[Records from a dataset]

**********

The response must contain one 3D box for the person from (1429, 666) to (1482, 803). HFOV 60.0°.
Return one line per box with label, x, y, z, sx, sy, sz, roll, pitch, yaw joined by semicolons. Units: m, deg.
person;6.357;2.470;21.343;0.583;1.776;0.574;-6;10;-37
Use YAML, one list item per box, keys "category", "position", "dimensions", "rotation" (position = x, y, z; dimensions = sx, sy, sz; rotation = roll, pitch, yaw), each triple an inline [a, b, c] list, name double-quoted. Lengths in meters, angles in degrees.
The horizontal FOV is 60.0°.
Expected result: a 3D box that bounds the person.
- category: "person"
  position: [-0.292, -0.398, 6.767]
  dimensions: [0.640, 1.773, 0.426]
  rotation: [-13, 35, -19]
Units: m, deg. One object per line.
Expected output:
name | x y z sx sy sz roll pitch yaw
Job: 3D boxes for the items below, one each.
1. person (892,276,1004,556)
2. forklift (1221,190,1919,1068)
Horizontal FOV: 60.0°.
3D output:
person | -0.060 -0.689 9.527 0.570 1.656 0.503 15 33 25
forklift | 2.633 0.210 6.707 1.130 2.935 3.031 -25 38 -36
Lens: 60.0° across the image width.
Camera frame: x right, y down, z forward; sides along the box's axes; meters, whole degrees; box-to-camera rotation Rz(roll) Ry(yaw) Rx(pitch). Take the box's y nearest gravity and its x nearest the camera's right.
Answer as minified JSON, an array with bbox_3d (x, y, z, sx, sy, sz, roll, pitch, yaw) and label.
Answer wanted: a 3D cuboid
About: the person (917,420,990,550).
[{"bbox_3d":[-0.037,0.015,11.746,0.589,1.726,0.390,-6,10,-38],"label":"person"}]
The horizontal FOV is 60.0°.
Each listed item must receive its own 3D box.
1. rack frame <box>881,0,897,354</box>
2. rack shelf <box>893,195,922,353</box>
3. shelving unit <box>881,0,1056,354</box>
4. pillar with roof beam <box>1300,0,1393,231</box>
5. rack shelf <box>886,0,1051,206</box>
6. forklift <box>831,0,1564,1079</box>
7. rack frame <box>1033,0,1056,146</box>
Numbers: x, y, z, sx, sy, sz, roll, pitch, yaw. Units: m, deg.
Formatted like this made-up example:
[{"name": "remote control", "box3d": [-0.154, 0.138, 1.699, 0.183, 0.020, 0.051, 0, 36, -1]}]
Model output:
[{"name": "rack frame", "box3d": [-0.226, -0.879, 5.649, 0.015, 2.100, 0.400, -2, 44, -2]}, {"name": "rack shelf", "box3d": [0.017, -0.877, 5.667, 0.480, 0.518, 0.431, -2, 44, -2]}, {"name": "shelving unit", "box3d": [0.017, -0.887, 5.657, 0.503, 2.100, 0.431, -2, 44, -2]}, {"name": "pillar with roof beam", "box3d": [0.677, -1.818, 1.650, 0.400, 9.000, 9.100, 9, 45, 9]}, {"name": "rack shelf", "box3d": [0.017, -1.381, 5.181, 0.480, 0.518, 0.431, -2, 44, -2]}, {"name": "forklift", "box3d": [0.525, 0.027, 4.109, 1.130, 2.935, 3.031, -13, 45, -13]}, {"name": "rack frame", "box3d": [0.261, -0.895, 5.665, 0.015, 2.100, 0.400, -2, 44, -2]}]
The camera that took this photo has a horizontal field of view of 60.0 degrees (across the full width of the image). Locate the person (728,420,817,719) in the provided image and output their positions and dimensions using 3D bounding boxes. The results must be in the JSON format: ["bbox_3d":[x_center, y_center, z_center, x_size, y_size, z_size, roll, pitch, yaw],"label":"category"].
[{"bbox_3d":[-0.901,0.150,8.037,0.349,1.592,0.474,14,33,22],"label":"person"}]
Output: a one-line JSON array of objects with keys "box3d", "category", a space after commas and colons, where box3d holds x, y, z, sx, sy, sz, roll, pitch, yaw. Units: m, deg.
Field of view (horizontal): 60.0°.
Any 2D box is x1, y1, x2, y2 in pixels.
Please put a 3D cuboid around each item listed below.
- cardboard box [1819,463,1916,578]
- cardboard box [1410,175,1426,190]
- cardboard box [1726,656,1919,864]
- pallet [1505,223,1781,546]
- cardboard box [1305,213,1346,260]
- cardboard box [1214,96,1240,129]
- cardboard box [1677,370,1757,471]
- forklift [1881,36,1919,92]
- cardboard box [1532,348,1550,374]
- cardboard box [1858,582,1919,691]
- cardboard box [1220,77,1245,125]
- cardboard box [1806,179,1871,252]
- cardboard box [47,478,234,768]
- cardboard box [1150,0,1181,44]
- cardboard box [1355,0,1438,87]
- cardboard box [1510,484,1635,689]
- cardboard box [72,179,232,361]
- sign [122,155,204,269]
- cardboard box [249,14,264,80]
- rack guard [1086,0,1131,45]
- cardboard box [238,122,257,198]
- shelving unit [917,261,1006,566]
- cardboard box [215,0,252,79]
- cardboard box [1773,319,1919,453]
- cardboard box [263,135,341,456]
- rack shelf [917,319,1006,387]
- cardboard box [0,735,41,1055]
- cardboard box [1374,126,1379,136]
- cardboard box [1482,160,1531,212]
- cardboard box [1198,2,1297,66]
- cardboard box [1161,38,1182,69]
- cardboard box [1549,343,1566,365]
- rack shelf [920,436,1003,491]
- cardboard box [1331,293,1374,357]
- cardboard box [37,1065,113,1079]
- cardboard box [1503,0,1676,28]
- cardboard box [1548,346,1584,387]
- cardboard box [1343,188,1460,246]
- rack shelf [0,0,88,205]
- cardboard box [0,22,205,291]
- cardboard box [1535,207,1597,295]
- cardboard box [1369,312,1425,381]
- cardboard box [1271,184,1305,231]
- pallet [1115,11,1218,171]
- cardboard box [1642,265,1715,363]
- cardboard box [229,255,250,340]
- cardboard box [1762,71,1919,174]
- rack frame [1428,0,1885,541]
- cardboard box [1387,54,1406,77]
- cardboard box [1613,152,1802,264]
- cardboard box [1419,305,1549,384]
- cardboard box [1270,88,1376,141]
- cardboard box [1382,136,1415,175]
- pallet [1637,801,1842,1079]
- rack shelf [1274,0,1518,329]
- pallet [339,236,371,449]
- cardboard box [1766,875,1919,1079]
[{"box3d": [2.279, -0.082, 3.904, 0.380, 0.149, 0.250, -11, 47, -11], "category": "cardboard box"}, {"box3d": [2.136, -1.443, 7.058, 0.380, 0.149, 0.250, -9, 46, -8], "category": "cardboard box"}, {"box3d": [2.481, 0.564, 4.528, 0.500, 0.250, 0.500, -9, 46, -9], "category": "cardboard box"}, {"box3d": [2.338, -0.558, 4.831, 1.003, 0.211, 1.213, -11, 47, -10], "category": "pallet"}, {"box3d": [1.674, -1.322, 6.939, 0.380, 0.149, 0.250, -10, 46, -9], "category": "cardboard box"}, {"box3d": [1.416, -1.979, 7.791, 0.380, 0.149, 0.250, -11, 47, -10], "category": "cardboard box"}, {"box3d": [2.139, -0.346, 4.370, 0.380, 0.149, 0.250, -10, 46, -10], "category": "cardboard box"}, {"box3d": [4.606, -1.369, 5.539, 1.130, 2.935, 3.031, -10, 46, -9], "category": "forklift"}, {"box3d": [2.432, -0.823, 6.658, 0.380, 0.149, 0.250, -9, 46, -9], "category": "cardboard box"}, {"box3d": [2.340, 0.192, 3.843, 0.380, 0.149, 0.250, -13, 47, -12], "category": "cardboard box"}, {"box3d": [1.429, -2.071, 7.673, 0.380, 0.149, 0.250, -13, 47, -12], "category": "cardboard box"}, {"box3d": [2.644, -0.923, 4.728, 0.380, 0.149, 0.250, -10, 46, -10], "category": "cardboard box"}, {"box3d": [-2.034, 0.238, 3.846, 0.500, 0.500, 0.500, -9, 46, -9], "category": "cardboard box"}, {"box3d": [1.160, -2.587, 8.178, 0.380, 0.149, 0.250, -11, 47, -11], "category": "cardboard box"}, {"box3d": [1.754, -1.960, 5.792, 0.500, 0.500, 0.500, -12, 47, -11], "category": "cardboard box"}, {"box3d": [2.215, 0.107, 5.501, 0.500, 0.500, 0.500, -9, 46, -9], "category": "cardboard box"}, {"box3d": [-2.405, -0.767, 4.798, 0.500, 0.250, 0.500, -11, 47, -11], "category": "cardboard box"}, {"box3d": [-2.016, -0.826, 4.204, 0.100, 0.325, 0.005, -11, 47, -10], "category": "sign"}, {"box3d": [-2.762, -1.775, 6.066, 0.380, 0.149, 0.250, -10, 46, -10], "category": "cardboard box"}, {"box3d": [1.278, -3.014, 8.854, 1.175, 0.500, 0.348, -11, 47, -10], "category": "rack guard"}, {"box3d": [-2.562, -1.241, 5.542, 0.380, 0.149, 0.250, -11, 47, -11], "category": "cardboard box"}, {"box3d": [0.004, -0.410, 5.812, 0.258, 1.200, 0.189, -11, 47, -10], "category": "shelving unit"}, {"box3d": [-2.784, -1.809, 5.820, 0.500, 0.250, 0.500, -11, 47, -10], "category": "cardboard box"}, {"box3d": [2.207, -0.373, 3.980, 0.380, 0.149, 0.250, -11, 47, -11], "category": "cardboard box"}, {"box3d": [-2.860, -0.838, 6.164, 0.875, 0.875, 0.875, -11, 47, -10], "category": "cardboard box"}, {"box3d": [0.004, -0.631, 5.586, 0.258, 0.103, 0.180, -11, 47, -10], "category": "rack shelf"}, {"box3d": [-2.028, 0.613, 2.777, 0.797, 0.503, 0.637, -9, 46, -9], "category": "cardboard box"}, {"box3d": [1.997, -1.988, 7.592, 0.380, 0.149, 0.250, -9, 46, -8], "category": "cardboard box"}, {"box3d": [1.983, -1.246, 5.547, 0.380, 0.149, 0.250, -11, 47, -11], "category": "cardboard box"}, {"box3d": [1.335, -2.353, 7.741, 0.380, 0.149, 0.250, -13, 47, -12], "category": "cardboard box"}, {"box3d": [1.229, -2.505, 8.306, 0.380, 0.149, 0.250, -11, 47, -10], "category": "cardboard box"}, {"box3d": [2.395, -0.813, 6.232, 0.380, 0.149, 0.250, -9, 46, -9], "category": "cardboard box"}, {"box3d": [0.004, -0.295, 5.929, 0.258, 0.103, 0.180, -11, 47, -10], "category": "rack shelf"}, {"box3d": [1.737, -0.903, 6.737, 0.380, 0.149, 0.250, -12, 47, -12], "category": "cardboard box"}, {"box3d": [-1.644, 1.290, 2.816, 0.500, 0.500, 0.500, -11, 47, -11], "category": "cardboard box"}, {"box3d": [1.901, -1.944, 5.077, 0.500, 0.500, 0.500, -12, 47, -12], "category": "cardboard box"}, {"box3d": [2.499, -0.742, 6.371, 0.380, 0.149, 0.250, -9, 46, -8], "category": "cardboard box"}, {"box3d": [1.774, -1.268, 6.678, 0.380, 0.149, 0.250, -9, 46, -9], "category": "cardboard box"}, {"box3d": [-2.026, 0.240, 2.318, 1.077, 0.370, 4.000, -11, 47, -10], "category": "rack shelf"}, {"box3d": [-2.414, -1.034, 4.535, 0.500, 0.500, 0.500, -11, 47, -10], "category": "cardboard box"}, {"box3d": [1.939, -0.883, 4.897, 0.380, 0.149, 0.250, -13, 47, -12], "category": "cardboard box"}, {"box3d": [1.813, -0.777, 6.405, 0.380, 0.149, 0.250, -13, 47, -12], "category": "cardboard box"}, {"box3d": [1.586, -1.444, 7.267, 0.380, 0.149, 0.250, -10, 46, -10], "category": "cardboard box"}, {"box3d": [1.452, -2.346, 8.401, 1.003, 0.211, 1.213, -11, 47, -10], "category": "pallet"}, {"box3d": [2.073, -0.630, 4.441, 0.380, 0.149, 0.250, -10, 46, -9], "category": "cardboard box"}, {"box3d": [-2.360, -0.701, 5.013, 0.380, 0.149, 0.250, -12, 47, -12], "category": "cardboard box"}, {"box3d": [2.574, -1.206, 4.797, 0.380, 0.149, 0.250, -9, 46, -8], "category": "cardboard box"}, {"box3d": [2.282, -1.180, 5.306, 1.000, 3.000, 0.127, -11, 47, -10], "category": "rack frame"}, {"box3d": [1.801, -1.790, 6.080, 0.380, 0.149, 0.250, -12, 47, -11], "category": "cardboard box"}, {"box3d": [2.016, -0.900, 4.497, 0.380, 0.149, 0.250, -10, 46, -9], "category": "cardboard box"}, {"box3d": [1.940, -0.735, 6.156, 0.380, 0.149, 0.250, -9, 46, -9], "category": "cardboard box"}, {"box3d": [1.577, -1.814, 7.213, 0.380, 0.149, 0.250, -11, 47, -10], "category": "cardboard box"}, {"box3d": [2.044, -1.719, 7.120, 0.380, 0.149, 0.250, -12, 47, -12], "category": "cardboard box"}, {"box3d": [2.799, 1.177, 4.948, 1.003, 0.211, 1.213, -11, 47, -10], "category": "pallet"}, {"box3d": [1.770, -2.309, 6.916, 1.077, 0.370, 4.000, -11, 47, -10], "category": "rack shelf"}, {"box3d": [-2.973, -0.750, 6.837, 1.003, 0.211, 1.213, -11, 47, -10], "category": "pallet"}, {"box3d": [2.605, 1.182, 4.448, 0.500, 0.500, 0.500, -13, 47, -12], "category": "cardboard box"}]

**********

The task = Having output the line that contains "Horizontal FOV: 60.0°.", stop. Every line before it, back to the first line of the data, must be reproduced exactly.

Exercise response =
The response must contain one 3D box for the person from (1429, 666) to (1482, 803). HFOV 60.0°.
Return one line per box with label, x, y, z, sx, sy, sz, roll, pitch, yaw joined by semicolons. Units: m, deg.
person;6.357;2.470;21.343;0.583;1.776;0.574;-6;10;-37
Use YAML, one list item per box, keys "category", "position", "dimensions", "rotation" (position = x, y, z; dimensions = sx, sy, sz; rotation = roll, pitch, yaw), each triple an inline [a, b, c] list, name double-quoted. Lengths in meters, angles in degrees.
The horizontal FOV is 60.0°.
Expected result: a 3D box that bounds the person.
- category: "person"
  position: [-0.292, -0.398, 6.767]
  dimensions: [0.640, 1.773, 0.426]
  rotation: [-13, 35, -19]
Units: m, deg. One object per line.
Expected output:
name | x y z sx sy sz roll pitch yaw
Job: 3D boxes for the items below, one each.
1. person (892,276,1004,556)
2. forklift (1221,190,1919,1068)
Horizontal FOV: 60.0°.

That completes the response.